They call them ‘never events’… yet they keep on happening in the NHS.
In the light of a recent BBC investigation Arti Shah, of our London office, explains just how easy avoiding ‘preventable mistakes’ should be for the NHS …
This week a BBC investigation reported 750 incidents of ‘preventable mistakes’ having occurred over the last four years. Classified as ‘never events’, on the basis that they are so serious that they should never happen, the list included:
- 322 cases of foreign objects left inside patients during operations
- 214 cases of surgery on the wrong body part
- 73 cases of tubes, which are used for feeding patients or for medication, being inserted into patients’ lungs
- 58 cases of wrong implants or prostheses being fitted.

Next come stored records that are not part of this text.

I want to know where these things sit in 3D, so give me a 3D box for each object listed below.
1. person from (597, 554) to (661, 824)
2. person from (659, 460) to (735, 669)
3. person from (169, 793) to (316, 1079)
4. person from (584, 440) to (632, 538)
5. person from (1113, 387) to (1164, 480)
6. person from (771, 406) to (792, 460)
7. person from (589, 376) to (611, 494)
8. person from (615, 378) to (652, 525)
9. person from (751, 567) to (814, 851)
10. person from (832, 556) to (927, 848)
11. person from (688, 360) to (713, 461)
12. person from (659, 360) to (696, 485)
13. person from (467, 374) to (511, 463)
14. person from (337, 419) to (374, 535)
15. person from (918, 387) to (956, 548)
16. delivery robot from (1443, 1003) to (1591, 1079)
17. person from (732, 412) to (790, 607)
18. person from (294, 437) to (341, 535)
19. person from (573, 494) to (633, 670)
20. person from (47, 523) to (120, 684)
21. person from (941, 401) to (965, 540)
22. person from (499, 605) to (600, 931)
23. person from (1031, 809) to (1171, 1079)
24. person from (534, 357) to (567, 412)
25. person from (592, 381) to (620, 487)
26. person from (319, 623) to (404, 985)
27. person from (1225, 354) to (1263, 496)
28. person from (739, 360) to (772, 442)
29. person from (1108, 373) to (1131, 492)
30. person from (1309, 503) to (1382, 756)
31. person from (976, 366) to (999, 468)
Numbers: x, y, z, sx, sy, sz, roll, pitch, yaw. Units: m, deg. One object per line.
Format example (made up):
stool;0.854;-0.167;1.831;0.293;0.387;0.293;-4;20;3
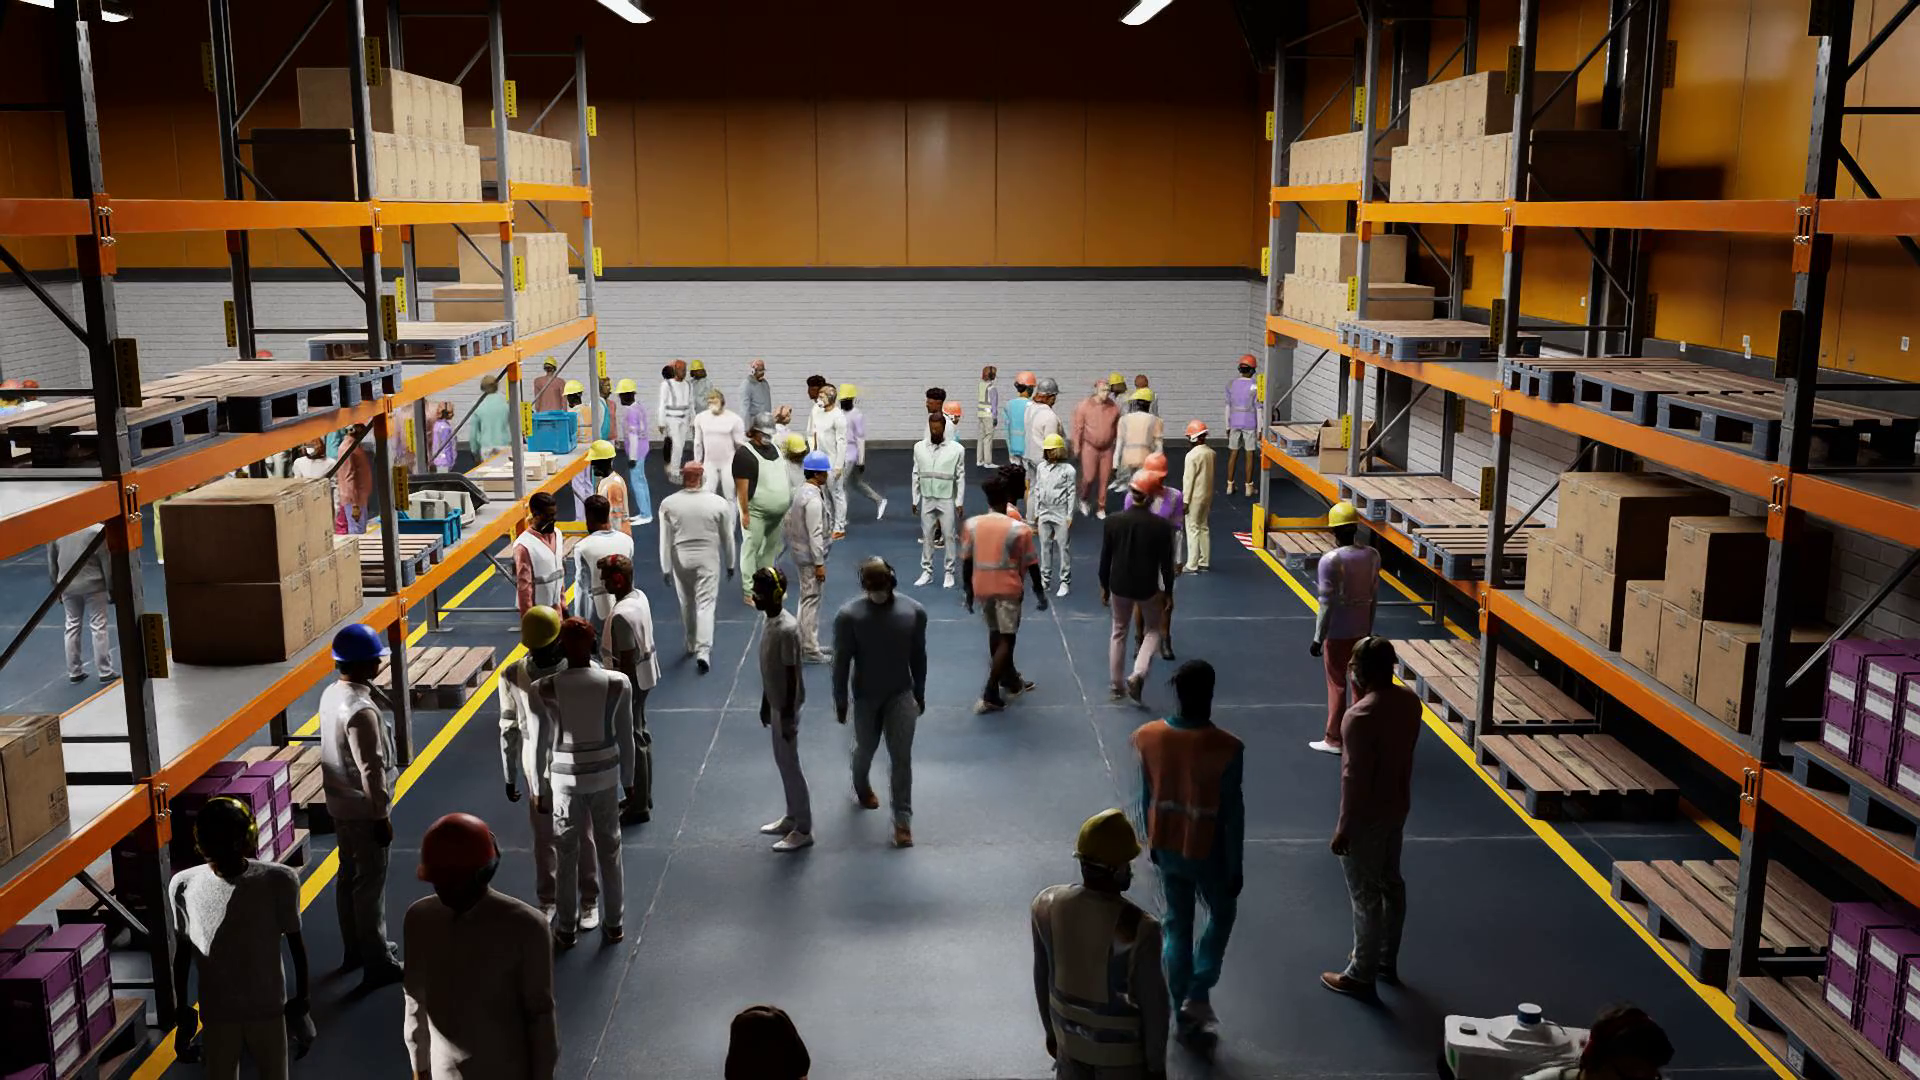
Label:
person;-2.214;0.992;11.168;0.390;1.838;0.563;0;11;-1
person;-2.372;0.209;15.042;0.657;1.864;0.977;-1;11;-5
person;-2.839;1.893;6.584;0.531;1.865;0.310;-2;11;-10
person;-3.379;-0.016;16.038;0.409;1.917;0.585;-4;12;-21
person;2.230;-0.974;20.973;0.631;1.880;0.906;6;13;29
person;-2.269;-0.890;21.136;0.319;1.631;0.513;2;12;11
person;-4.957;-1.364;22.991;0.349;1.839;0.504;-1;11;-6
person;-4.283;-1.157;21.779;0.424;1.918;0.589;-2;11;-8
person;-1.152;1.075;10.734;0.371;1.855;0.529;-4;12;-20
person;-0.540;0.997;11.020;0.643;1.897;0.954;-3;12;-13
person;-4.138;-2.004;26.458;0.483;1.737;0.346;6;13;27
person;-4.192;-1.750;24.821;0.554;1.870;0.629;9;14;38
person;-6.203;-1.247;22.176;0.659;1.922;0.594;-4;12;-21
person;-6.471;-0.424;17.868;0.375;1.997;0.611;-2;12;-12
person;-0.266;-0.888;20.269;0.369;1.967;0.601;-5;12;-25
delivery robot;2.547;2.325;7.475;0.707;0.478;0.477;3;12;13
person;-2.025;-0.342;17.349;0.536;2.000;0.681;7;13;32
person;-7.162;-0.380;18.561;0.499;1.634;0.285;0;11;-2
person;-2.774;0.592;13.006;0.401;1.909;0.599;7;13;31
person;-7.600;0.384;14.446;0.566;1.745;0.349;0;11;1
person;-0.123;-0.865;20.733;0.350;1.739;0.574;-5;12;-22
person;-2.315;1.294;9.481;0.592;1.911;0.398;-1;11;-4
person;0.565;1.929;6.480;0.587;1.833;0.404;8;14;36
person;-6.551;-2.055;26.659;0.529;1.755;0.343;0;11;1
person;-4.977;-1.395;23.335;0.328;1.761;0.523;7;13;30
person;-3.179;1.396;8.864;0.391;1.948;0.605;-9;14;-38
person;4.106;-1.653;23.955;0.604;2.034;0.418;8;14;35
person;-2.996;-1.733;24.708;0.401;1.894;0.653;6;13;26
person;2.294;-1.575;24.316;0.324;1.730;0.490;-6;13;-28
person;2.893;0.672;12.570;0.584;1.918;0.381;-7;13;-30
person;0.440;-1.955;26.467;0.312;1.633;0.519;-5;13;-25

In total, a list of 25 incidents have been identified. However it’s feared that not all incidents are reported, and that the true number may be higher.
Having dealt with cases involving ‘retained objects’ following procedures, and reviewing the reports that have been produced as a result, it’s difficult to see how cases like this still occur. Especially when they can be avoided simply by counting instruments at the beginning of a procedure and ensuring that the same number are present at the end. Similarly, marking the correct side of the body prior to operating seems a sensible precaution to avoid surgery on the wrong side.
It’s important to recognise that this represents only a small number of cases, given that the NHS deals with some 4.6 million admissions to hospital which require surgery. But when the Director of Patient Safety comments that ‘One is too many in any week, in any day, in any hospital ’, I have to agree.